My favourite man in a book is not the psychotic Heathcliff, the arrogant Mr Darcy or the bully Rochester but a slight unassuming figure, Freddie, the main man in Cotillion by Georgette Heyer.

Freddie is not clever and not handsome, he is not tall. He is rich, I have to say and I did wonder rather whether Miss Heyer took her character partly from the bumbling Bertie Wooster, my favourite man apart from Freddie in fiction.  I have this dream that one day I will be twenty and beautiful and will marry Bertie Wooster and spend the rest of my life dancing late at smoky dark clubs, drinking champagne and being looked after by the inimitable Jeeves.

I will wear gossamer dresses and drive sports cars, write stories for Aunt Dahlia's My Lady's Boudoir and be unfailingly polite to the horrifying Aunt Agatha. I will of course be kind to Bertie's uncle who looks after the Wooster millions. We can sit by his study fire and talk of books My background would be perfect and so high in society that my family can talk of nothing but matters that don't matter.

I sometimes think that mothers burden their sons with special names so that no clutching female will come along and skin of them of their cash, as Bertie would say.  Cecil is not the kind of name where he would nick off from wife Ann for a floozie named Posy.

My mother obviously didn't think when she named me Elizabeth Rosemary. Many is the time I have signed my name Elizabeth R and heard titters.

Quentin only in Enid Blyton, same for Julian and Dick and even George.

My favourite name of all time is Harry. There's something sweet and yet wild about Harry, I can see him now sitting in the dark corner in a pub. He's just come back from war, the woman he adored has married another man and he is brooding, drinking a lot. He will never forgive her but he desperately wants her back.

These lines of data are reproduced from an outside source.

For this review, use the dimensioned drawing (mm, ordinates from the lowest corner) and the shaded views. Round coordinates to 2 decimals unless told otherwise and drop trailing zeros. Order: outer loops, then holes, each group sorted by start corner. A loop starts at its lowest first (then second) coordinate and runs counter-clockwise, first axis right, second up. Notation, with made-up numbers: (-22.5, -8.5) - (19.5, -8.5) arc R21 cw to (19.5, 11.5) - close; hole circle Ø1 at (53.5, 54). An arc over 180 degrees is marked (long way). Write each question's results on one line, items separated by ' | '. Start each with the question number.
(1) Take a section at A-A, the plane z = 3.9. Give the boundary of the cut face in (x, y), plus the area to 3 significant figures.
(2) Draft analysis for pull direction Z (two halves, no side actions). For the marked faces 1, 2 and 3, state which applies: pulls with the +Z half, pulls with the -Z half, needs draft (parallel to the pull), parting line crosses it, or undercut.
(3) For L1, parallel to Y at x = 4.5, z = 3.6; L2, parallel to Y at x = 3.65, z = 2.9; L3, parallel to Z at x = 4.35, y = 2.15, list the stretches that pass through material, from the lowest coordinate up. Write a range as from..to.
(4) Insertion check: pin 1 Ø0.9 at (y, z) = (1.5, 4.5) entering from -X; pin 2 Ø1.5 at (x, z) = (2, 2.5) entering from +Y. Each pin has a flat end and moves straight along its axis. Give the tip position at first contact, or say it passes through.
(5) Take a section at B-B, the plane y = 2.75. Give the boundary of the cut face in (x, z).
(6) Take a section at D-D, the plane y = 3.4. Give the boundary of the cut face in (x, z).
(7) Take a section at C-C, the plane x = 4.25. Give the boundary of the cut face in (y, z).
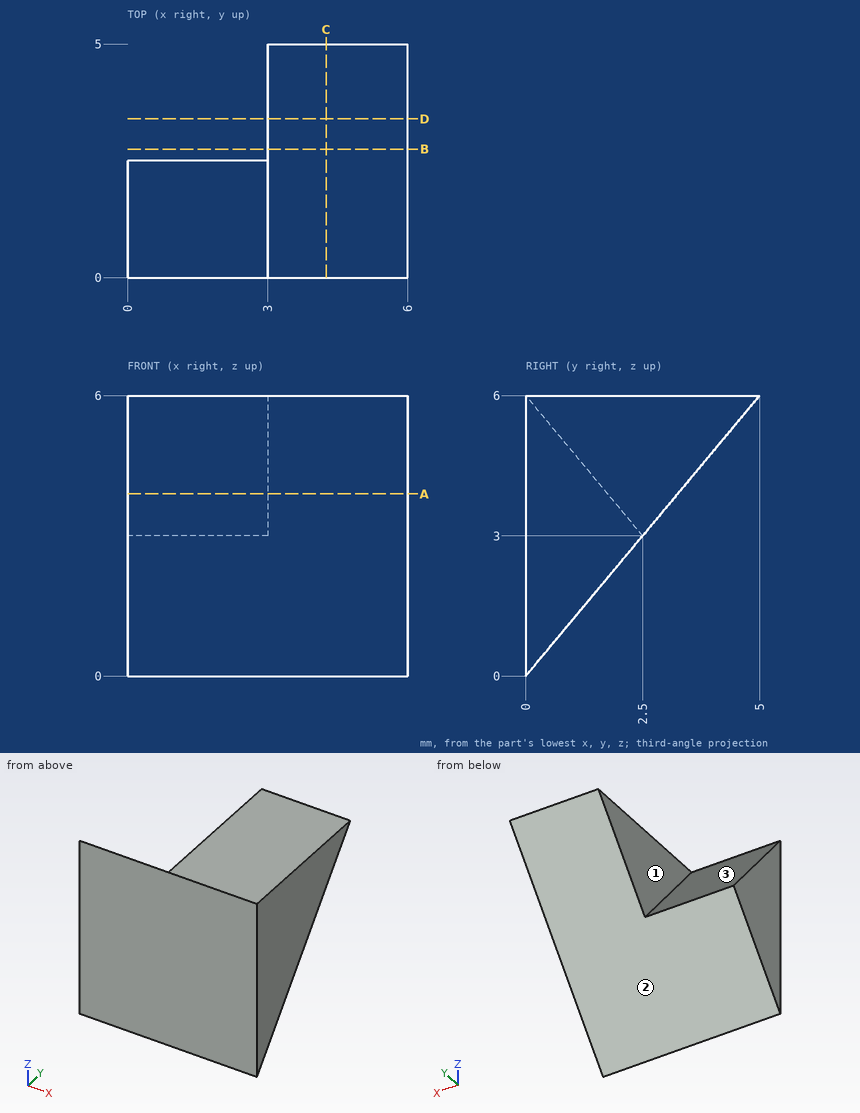
Results below:
1) outline: (0, 0) - (6, 0) - (6, 3.25) - (3, 3.25) - (3, 1.75) - (0, 1.75) - close | area: 15.0 mm^2
2) face 1: needs draft | face 2: pulls with the -Z half | face 3: pulls with the +Z half
3) L1: y = 0..3 | L2: y = 0..2.42 | L3: z = 2.58..6
4) pin 1: stops at x = 0 | pin 2: stops at y = 2.5
5) outline: (3, 3.3) - (6, 3.3) - (6, 6) - (3, 6) - close
6) outline: (3, 4.08) - (6, 4.08) - (6, 6) - (3, 6) - close
7) outline: (0, 0) - (5, 6) - (0, 6) - close
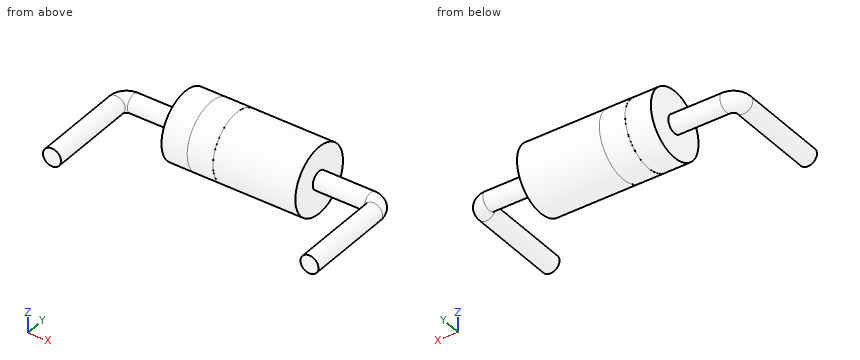
from build123d import *

# Parameters (mm, degrees)
SKIZZE1_R                       = 1.3
AUFSATZ_LINEAR_AUSTRAGEN1_DEPTH = 5.2
SKIZZE4_R                       = 1.302
AUFSATZ_LINEAR_AUSTRAGEN2_DEPTH = 1
SKIZZE10_R                      = 0.35
SKIZZE12_R                      = 0.35


with BuildPart() as part:
    # Skizze1 → Aufsatz-Linear austragen1 (new body)
    with BuildSketch(Plane(origin=(0, 0, 0), x_dir=(0, 0, -1), z_dir=(1, 0, 0))):
        Circle(SKIZZE1_R)
    extrude(amount=AUFSATZ_LINEAR_AUSTRAGEN1_DEPTH)

    # Skizze4 → Aufsatz-Linear austragen2 (add)
    with BuildSketch(Plane.ZY.offset(-2)):
        Circle(SKIZZE4_R)
    extrude(amount=AUFSATZ_LINEAR_AUSTRAGEN2_DEPTH)

    # Austragung3: sweep along a path in Skizze11
    with BuildLine(Plane.XY) as austragung3_path:
        Line((5.2, 0), (7.2, 0))
        ThreePointArc((7.2, 0), (7.482842712, -0.117157288), (7.6, -0.4))
        Line((7.6, -0.4), (7.6, -3.9))
    # Skizze10 → Austragung3 (sweep)
    with BuildSketch(Plane(origin=(5.2, 0, 0), x_dir=(0, 0, -1), z_dir=(1, 0, 0))):
        Circle(SKIZZE10_R)
    sweep(path=austragung3_path.line)

    # Austragung4: sweep along a path in Skizze13
    with BuildLine(Plane.XY) as austragung4_path:
        Line((0, 0), (-2, 0))
        ThreePointArc((-2, 0), (-2.282842712, -0.117157288), (-2.4, -0.4))
        Line((-2.4, -0.4), (-2.4, -3.9))
    # Skizze12 → Austragung4 (sweep)
    with BuildSketch(Plane.ZY):
        Circle(SKIZZE12_R)
    sweep(path=austragung4_path.line)


solid = part.part
Here's how the part is built. I have some questions about the finished solid (model axes, mm). Coordinates: 2 decimals unless noted, no trailing zeros. Loops run counter-clockwise (first coordinate to the right, second up) from the corner with the lowest first, then second, coordinate; pieces in that order, holes last.
1. Imagine slicing it at C-C, the plane x = 3. Please give me the cut outline in (y, z), and give its area (3 significant figures).
2. I need wall thicknesses on L1, parallel to X at y = -0.9, z = 0.45; L2, parallel to X at y = -0.5, z = -0.1; L3, parallel to Y at x = 3.5, z = 0.55. Which ranges of each line are inside material? Lowest first, please.
3. For P1, Ø1.5, axis at x = -0.5, z = 0, coming from the +Y side; P2, Ø0.8, axis at y = 0, z = -0.5, coming from the +X side, each with a flat end and sliding along its axis, tell me the tip position at first contact or that it passes through.
4. Imagine slicing it at B-B, the plane y = -2.55. Please give me the cut outline in (x, z).
Taken from the geometry:
1. outline: circle Ø2.6 at (0, 0)
1. area: 5.31 mm2
2. L1: x = 0 to 5.2
2. L2: x = -2.74 to -2.06, 0 to 5.2, 7.26 to 7.94
2. L3: y = -1.18 to 1.18
3. P1: stops at y = 1.3
3. P2: stops at x = 7.89
4. outline: circle Ø0.7 at (-2.4, 0); circle Ø0.7 at (7.6, 0)

And if you doubt me this is part of the story of one of my books, Swan Island. There is no hero in this book, just two decent men doing their best after the hell of a war where everybody lost someone. It's also my mother's story. The man who loved her went away, I think to Burma during World War Two, to fight. Her first husband had died, ( that's in my story, though differently ) and thinking she had lost her second love to the war, she married my father and then Harry came back. The other man in the story is called David Black and like my father is a decent upright hard working rather clever man and Ella loves him so what is she to do?

My mother used to tell the story so well, of how my father had taken her to a dinner dance at some lovely hall in Darlington and she saw the man she had loved and promised to marry walking across the dance floor toward her. There she is beautiful, black haired and blue eyed and pale skinned in the Irish way that she had, wearing a silver and peacock coloured dress, wondering why fate is doing such a thing to her.

My mother was called Bertha Ann but she was always known as Pat because her father saw her in the cradle and said 'What a little Pat. '  Irish to the core and a borders lass too. There you go, you see. A  rose by any other name, my lovely lovely mother.


2 comments:

  1. OMG, I have fallen in love with your blog - but how did you get hold of my Bertie dream? And Jeeves is mine - you hear me? Mine.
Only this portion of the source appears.